For congressional Democrats, the road map to legislative success was relatively clear. The Senate approved a $3.5 trillion budget resolution this week with unanimous support from the Democratic conference. Once the Democratic-led House returns to work and dose the same, members can move forward with working out an ambitious intra-party compromise.
This morning, however, we learned of an unexpected wrinkle that may affect the plan. NBC News reported:
Nine House Democrats are warning Speaker Nancy Pelosi, D-Calif., that they won't vote for a budget resolution until the House passes the bipartisan infrastructure bill advanced by the Senate this week.... The letter, dated Thursday, was led by Rep. Josh Gottheimer, D-N.J., the co-chair of the bipartisan Problem Solvers Caucus.
The New Jersey Democrat was joined by Reps. Carolyn Bourdeaux (D-Ga.), Filemon Vela (D-Texas), Jared Golden (D-Maine), Henry Cueller (D-Texas), Vicente Gonzales (D-Texas), Ed Case (D-Hawaii), Jim Costa (D-Calif.), and Kurt Schrader (D-Ore.).
To put it mildly, these moderate House Dems have a plan that is ... flawed.
The process envisioned by House Democratic leaders and the vast majority of progressive members has been unchanged from the outset. The chamber will tackle the $3.5 trillion measure, and once it passes, the House can then approve the Senate's bipartisan infrastructure legislation, sending both parts of the two-track package to the White House for President Biden's signature.
The nine moderates are demanding to move things around: vote on the Senate's bipartisan infrastructure bill first, and then they'll consider the rest of the party's plans. Maybe. If they feel like it.
If Democratic leaders fail to satisfy these nine moderates -- representing roughly 4% of the House Democratic conference -- they'll derail the budget resolution and the entire White House agenda will collapse because nine members couldn't bring themselves to support a budget resolution that even Sens. Joe Manchin (D-W.Va.) and Kyrsten Sinema (D-Ariz.) endorsed.
Or put another way, progressive Dems won't support the bipartisan infrastructure legislation until the reconciliation bill passes, and moderate Dems won't let the fight over reconciliation even begin until the bipartisan infrastructure legislation gets a vote.
There's a tactical problem the moderates may not fully appreciate. Let's say Pelosi, left in a tough spot, caves to the centrists' demands and brings the Senate's bipartisan infrastructure bill to the floor, just as they're insisting. I don't think this is likely, but just for the sake of conversation, let's say this happens. Would the legislation pass?

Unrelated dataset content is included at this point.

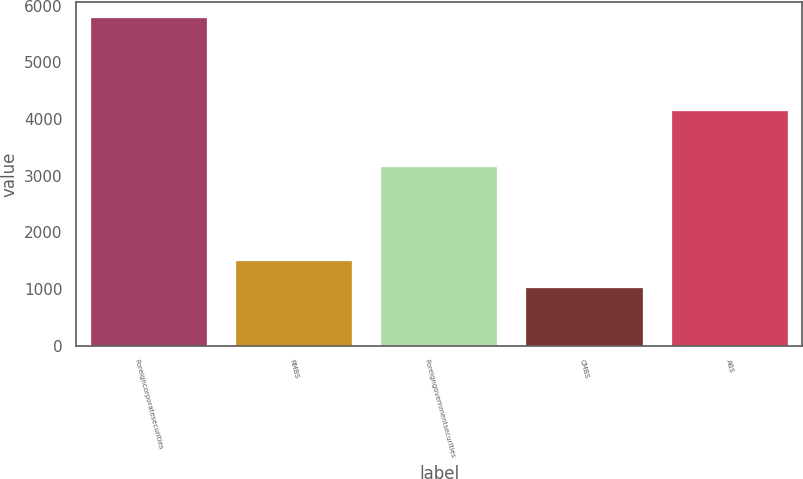<chart> <loc_0><loc_0><loc_500><loc_500><bar_chart><fcel>Foreigncorporatesecurities<fcel>RMBS<fcel>Foreigngovernmentsecurities<fcel>CMBS<fcel>ABS<nl><fcel>5777<fcel>1487.6<fcel>3159<fcel>1011<fcel>4148<nl></chart>

Almost certainly not. The vast majority of House Republicans would oppose it, because they don't like the bill anyway, and the vast majority of House Democrats would also oppose it, because they want to keep it on the shelf while negotiations continue on the larger and more ambitious bill. Indeed, House progressives have the leverage right now, and they wouldn't give it up just to make nine centrists happy.
In other words, these nine moderates are effectively asking their own party colleagues, "Let us have the Senate bill, and while you're at it, also give us the power to undermine the rest of Biden's popular domestic agenda."
Why would the other 211 House Democrats go along with this? They wouldn't.
This is precisely what many progressive members were worried about, which is precisely why the moderate members' plan will not work. The legislative arithmetic is unavoidable: the moderates need the progressives' votes, and progressives have no incentive to go along.
Complicating matters, this nine-member faction has left itself on an unstable branch. These centrists can swallow their pride now and walk back their threat, since it's based on a demand that won't be met, or they can follow through, kill Biden's domestic agenda, invite primary rivals, and destroy their party's chances in the next round of elections.
I realize that these moderates really want to pass the Senate's bipartisan plan. The White House and Democratic leaders want that too. But there's one sure-fire way to guarantee its passage, and that's to approve the party's budget resolution and get to work on a reconciliation package.
If the moderates follow through on their threats, they'll end up defeating the bill they want to pass. The sooner they realize this, the better it will be for everyone.